Top of Material supplied

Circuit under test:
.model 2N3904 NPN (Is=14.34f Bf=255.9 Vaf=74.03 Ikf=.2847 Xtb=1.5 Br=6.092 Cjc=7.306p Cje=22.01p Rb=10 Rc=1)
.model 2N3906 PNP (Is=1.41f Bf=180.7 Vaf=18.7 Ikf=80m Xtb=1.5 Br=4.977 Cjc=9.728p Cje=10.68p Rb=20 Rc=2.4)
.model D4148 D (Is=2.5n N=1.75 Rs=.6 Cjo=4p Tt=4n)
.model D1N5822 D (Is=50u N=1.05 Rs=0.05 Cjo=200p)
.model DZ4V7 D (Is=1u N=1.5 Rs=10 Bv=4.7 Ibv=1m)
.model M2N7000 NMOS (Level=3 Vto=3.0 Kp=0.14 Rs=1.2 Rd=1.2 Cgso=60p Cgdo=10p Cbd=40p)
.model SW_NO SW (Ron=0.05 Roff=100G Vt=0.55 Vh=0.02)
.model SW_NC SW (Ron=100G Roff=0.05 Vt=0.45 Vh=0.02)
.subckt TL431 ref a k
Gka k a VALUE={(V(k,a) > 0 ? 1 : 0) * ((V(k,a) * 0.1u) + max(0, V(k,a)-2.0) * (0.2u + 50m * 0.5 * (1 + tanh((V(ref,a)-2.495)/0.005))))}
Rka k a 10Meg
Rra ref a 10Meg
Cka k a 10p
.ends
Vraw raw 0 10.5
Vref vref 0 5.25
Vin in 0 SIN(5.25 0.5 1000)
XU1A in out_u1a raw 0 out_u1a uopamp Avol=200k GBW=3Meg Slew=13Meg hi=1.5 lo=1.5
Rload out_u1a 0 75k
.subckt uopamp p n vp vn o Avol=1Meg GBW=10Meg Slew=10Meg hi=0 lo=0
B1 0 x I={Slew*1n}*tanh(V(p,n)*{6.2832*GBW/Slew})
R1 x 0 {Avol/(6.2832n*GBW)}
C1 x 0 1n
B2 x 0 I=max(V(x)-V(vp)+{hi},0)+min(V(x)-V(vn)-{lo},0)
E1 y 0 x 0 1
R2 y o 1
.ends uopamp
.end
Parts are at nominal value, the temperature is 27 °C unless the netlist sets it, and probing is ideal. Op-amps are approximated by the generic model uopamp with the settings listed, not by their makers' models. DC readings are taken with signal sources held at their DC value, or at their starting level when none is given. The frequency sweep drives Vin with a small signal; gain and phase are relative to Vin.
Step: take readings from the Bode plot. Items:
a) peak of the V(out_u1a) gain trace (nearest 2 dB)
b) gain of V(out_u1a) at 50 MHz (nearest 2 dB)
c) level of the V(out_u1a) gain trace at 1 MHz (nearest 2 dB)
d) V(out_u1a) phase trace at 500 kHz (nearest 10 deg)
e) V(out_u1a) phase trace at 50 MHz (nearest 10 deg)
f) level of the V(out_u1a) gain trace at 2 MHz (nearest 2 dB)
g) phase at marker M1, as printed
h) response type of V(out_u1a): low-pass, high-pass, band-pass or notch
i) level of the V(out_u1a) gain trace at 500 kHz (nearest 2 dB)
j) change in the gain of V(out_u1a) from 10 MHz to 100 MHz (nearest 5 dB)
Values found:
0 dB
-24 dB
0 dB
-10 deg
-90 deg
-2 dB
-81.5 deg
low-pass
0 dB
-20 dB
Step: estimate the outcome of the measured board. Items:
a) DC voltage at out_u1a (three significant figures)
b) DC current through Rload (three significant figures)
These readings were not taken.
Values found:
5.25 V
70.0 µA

Bottom of Material supplied

■ Directions
Would you quote everything above from the line containing "h) response type" down to the line containing "j) change in"? Include both of those lines and nothing else.

■ Reply to the exercise
h) response type of V(out_u1a): low-pass, high-pass, band-pass or notch
i) level of the V(out_u1a) gain trace at 500 kHz (nearest 2 dB)
j) change in the gain of V(out_u1a) from 10 MHz to 100 MHz (nearest 5 dB)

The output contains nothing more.